美国悠久的政治历史是否曾经历过如此难以预测的时刻?
这很难说。事实上,这个国家蹒跚而行的先例很少,如果有的话。当然,历史上有过许多竞争激烈的选举,也发生过许多影响深远的选举,但 2024 年的选举几乎无与伦比。
美国人可能只经历过两次这样的事情:一次是在国内内战的边缘,另一次是在 8,000 英里外的代理人战争中。
1860 年和 1968 年的选举中,一切都岌岌可危,就像现在的情况一样,在选举日到来时,没有人知道谁会获胜。获胜者的话语以今天低劣的政治对话为标准,令人振奋,让可怕的赌注变得清晰起来。1860 年的胜利者亚伯拉罕·林肯在任期间警告说:“我们将高尚地拯救,或者卑鄙地失去地球上最后的希望。”1968 年的胜利者理查德·尼克松的竞选口号是:“这一次,投票就像你的整个世界都依赖它一样。”
感觉又来了。到周二夜幕降临,美国人将像 1860 年和 1968 年的前辈一样,投票选出不只是下一任国家领导人,还将选出地球上最富有、最强大的国家的性质和方向。这一集体决定——由个人公民做出,他们一个接一个地勾选一个方框、按下一个杠杆或点击电脑屏幕——将塑造下一代美国人和美国境外数十亿人的生活。
“这是我们历史上异常紧张的时刻,”孟菲斯大学历史学家阿拉姆·古德苏齐安说。“唐纳德·特朗普代表了政治运作方式和人们看待政府机构方式的真正突破。这些机构从未受到过总统候选人的攻击。但这不仅仅是特朗普。他的支持者认为卡马拉·哈里斯对美国的生活方式构成了威胁。”
紧张的选举来了又去;党派重组和剧烈的政治变革交织在我们的国家故事中。 1828 年那场激烈的选举将安德鲁·杰克逊推上了总统宝座,这一时刻标志着大众政党、自由资本主义和“被遗忘的人”崛起的开始,这一主题在 1932 年的选举中重演,那场选举将富兰克林·德拉诺·罗斯福推入白宫。但在这两场选举中,都没有那种谁将获胜的神秘感,而这种神秘感是 2024 年竞选的标志性、考验直觉的元素。
“不同之处在于,今天的结果确实存在不确定性,”斯坦福大学历史学家大卫·肯尼迪 (David Kennedy) 说道。他是普利策奖获奖作品《摆脱恐惧:大萧条和战争中的美国人民》的作者,该书涵盖了 1929 年至 1945 年期间的牛津美国史。“但罗斯福究竟会做什么,人们并不确定。他对此很谨慎。大多数选民不知道新政意味着什么。我们很清楚特朗普会做什么,尽管哈里斯对她会做什么含糊其辞。”

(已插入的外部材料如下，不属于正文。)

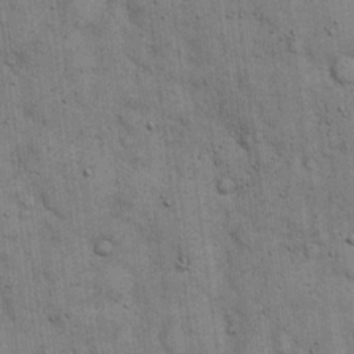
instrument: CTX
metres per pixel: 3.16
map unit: eHh
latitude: 15.8962
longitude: -62.7624
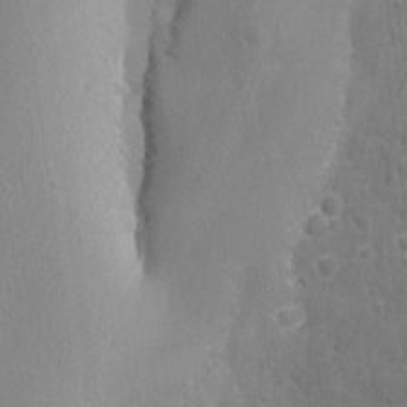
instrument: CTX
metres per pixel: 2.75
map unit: Ave
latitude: -8.9919
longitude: -119.3104
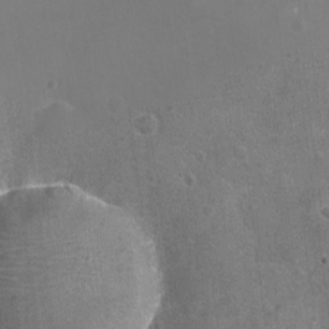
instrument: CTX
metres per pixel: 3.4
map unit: Nhu
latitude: -16.6330
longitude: -56.2522
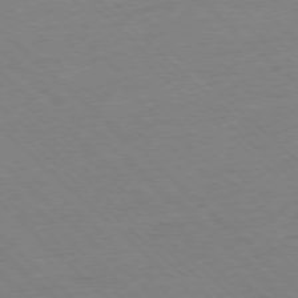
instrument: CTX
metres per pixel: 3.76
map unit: Ap
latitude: -77.5966
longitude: -84.7057
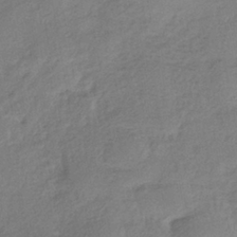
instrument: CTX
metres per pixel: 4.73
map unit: HNhu
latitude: -39.0676
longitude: 107.2943

1860 年大选是一场四方竞争,胜负难料,一位只担任过一届国会议员的前议员一跃成为总统。当时,地区冲突达到顶峰,联邦的未来充满不确定性,内战的前景真实、危险且令人恐惧。奴隶制的历史罪恶玷污了一切,而另一个机构——最高法院——的出现只会加剧人们对如何处理奴隶制的分歧,最高法院在今年也发挥了争议性作用,最高法院在 1857 年的德雷德·斯科特案中裁定,被奴役的黑人不是美国公民,即使在禁止奴隶制的州,他们也没有自由权。种族主义是当时的法律。
恐惧和反感的情绪在整个选举日都笼罩着整个国家,美国人知道国家的存亡取决于选票。前参议员萨蒙·P·蔡斯写给候任总统的一封手写信,现收藏于美国国会图书馆,这封信生动地记录了当时的危险。这位后来成为林肯财政部长的人在大选后的第二天写信给这位即将上任的总统说:“责任重大。愿上帝赐予您力量,让您能够履行您的重大职责。”
还有 1968 年的选举,三方角逐最终让尼克松入主白宫,而那一年发生了两起暗杀事件(马丁·路德·金牧师和罗伯特·F·肯尼迪参议员);民权冲突;城市骚乱;越南战争导致的代际分歧;以及广泛而冷静的讨论,即美国是否是一个枪支泛滥、充满怨恨的社会,用一些人随意使用的话来说,是一个“病态社会”。选举是在大规模抗议(针对东南亚战争)的背景下举行的,也是历史性社会运动的转折点,这些运动反对与这个国家一样古老的不公正现象——争取黑人的权利和妇女的解放,而这个国家的建国文件规定黑人和妇女没有选举权,也没有任何公民权力。同性恋和跨性别权利运动也开始萌芽。
那一年的选举包括一些现在已为人熟知的主题,包括关于法律和秩序的强烈言论;撕裂家庭和社区的分歧;暴力动乱事件——以及国家可能崩溃或爆炸的感觉。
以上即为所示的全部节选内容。